The Hulk finally got up, and punt kicked a still groggy Drake into another concrete wall causing it to crumble. He then proceed to launch himself at Rebecca! He tackled her to the ground roaring like a lion with fangs extended, and eyes illuminated in a state of rage! Her Mermaid strength was no match for this gargantuan vampire. He leaned in ever closer to her neck as he prepared to savour her sweet magical mermaid blood which would unfortunately grant him temporary Mermaid, and Witchcraft powers. He would be virtually unstoppable for a number of hours if that happened!  Just as he was about to sink his teeth into her he stopped short with a dumb look on his face as he began chuckling like a little girl.  Suddenly he burst into purple flames, and turned to gray paranormal powder raining all over Rebecca. When the dust cleared the 13 year old girl was standing there with a stake smiling from ear to ear.  She helped Rebecca up, and said,”I come from a long line of vampire slayers. I was in training with my mother when Cortez kidnapped me!” Drake hobbled over on his virtual skeleton legs with most of the flesh eaten off it, and said,”Let’s finish these bastards off, and get the hell out of here!”

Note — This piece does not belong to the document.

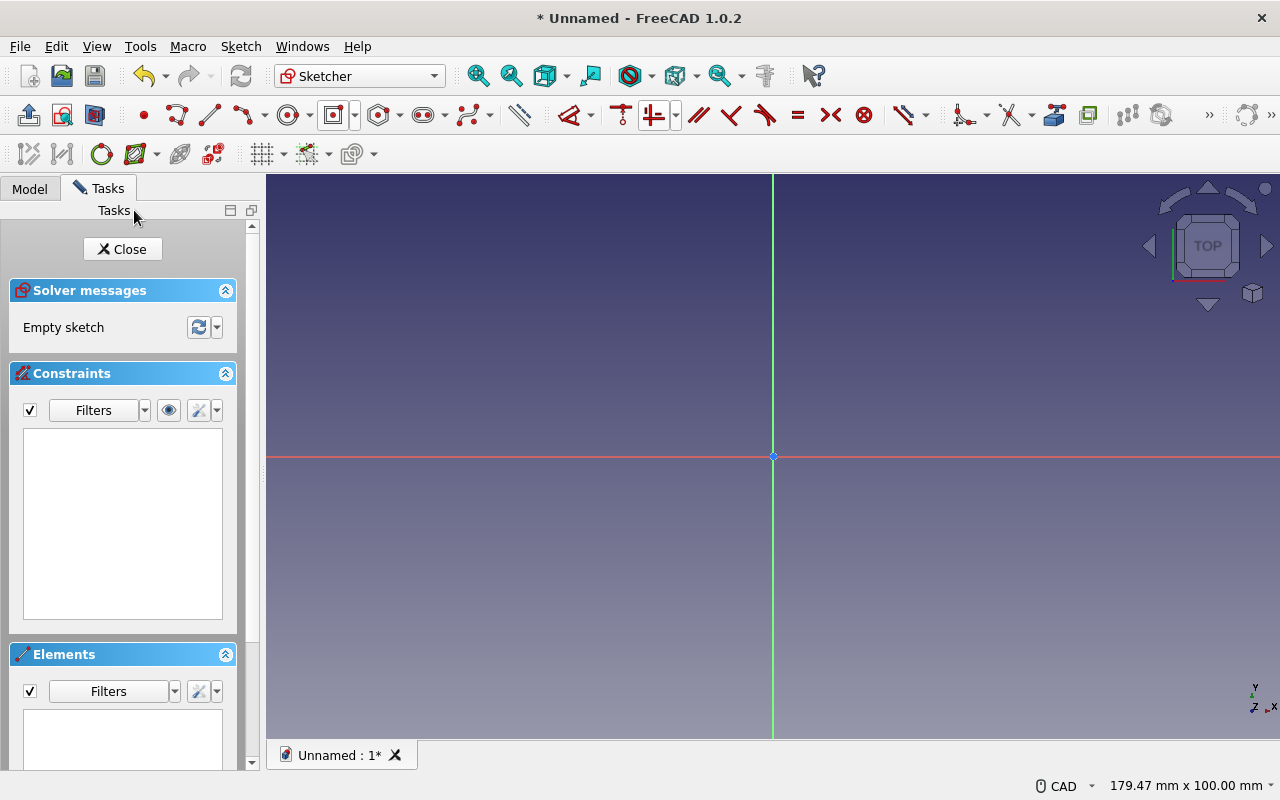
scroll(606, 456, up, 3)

Everyone, including the young vampire slayer, loaded onto the Mysticopter, and I forcibly declared,”Let’s light these bastards up!”  Machine gun fire, and bullets reigned terror upon the compound, and the minions of Cortez remaining.  Ashley Abercrombie, and one of our investigators Elizabeth Weatherly took the innocent victims away into the safety of the woods in back of the compound. We were hovering low taking out some straggling vamps running out the front of the burning hulk of a mansion in a panic! All the sudden the nutty naked Vampire Cortez super leaps on to the windshield of the helicopter with a deranged menacing stare. The red radiation of his eyes lit up our dark cockpit.  We could hear his the spine tingling otherworldly growling coming from his fang ridden mouth. He immediately punched through the windshield, and grabbed me by the neck. Hunter struggled to keep the chopper in the air as the rest of the team came to my aid!  He ripped my throat clean out as Drake, and Rebecca dragged him in.  Rebecca whaled in agony,”You killed my boyfriend you damn filthy bastard!”  She started choking him as Drake helped hold him down with one hand while going for a stake with another.  Our teenage bionic boy wonder Zack Powers, and the young vampire slayer along with Seth was helping hold him down but he eventually launched everyone off into control panels damaging them.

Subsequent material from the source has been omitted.